[Nix-dev] Announcing free-nix: the free Linux distribution based on the Nix package manager

Marc Weber marco-oweber at gmx.de
Tue Jun 26 19:07:27 CEST 2012


> Eelco revoked all access of all regular contributors without prior
> warning.
Everything is still open source - so we all could fork anytime (which
you actually proofed). We all have local copies - so ...
But its also known (to me) that Eelco started getting more and more
interested in git very recently (less than many years) - I'd vote for
giving this change some additional time.

I invite you to use the gist to push your changes to unless we all know
what will happen in the future - and how different "our vision" is from
Eelcos (maybe he doesn't know yet himself). I know that I'm thankful for
almost all of his work and time he spend on this project - even though I
may not agree on all details.

You say that you want "democracy" - and that the policies should be
(initially) created by the community - but community in 2 years may have
different feelings than the core has today - so your community may not
be more stable than nixos (for those reasons).

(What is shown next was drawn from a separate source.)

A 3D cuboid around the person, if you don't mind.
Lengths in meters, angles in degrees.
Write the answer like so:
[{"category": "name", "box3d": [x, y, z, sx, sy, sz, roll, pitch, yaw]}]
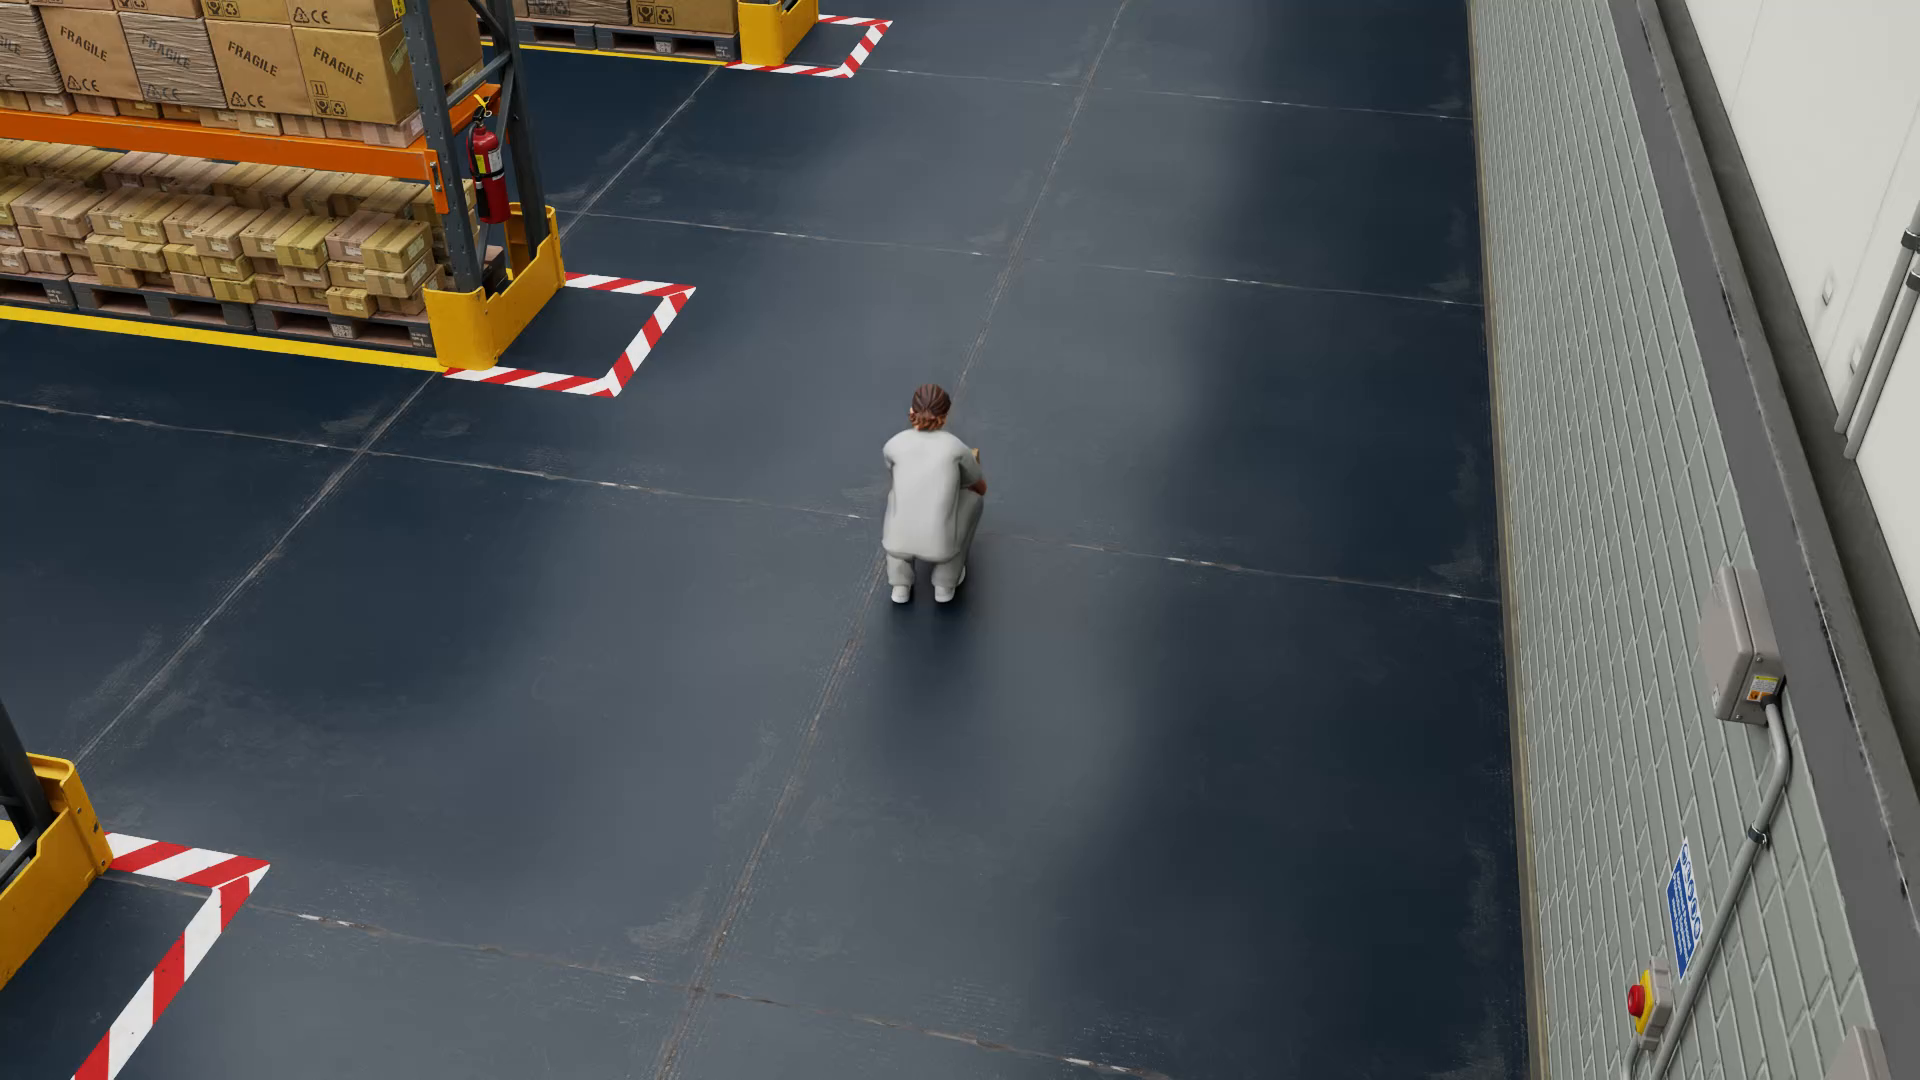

Thus if 30 devs join - will you start negotiating about policies again?

> indication that we would be losing access to the infrastructure that we
> have helped build over the last couple of years.
The nixos/nixpkgs repositories are on your disk (you have git copies).
So it can't be lost.
Hydra? The source is there, too. but who pays the electricity and the
servers? ... (Thanks to whoever does it).

We all don't know what Eelco will do with this project in X month.
We will never do - but neither do we know what a community like free-nix
would do with the core in Y month.

It is important that we (the community) can fork whenever we want when
we feel it is necessary.

And Eelco moving to github does not make me think he's trying to prevent
this in any way because all code is still public.

Maybe Eelco has time to talk about what he wants to do with nixos in the
future - maybe we can understand his choices better and maybe even
assist him.

There are so many use cases for nixos:
  - mobile phones (android)
  - desktop pcs (linux like ..)
  - server systems (security is very important here)

That maybe one distribution won't be enough in the future anyway.
That's why it may make sense to delay the decisions when and what to
fork till such different use cases get more urgent.
Eg Gentoo has a "hardened" version: http://en.wikipedia.org/wiki/Hardened_Gentoo
which indicates that some forks happen naturally due to different
requirements. Thus if you want free-nix to be a success - you setup a
system which allows such different projects to co exist.

So whatever you want - you will never have "common sense" in your new
community - which is why I think that your fork alone will not solve any
potential issues.

In the end we all want to improve the fitness of the nix package
management system so that we can adopt it to different needs easily
without switching tools (That's my impression).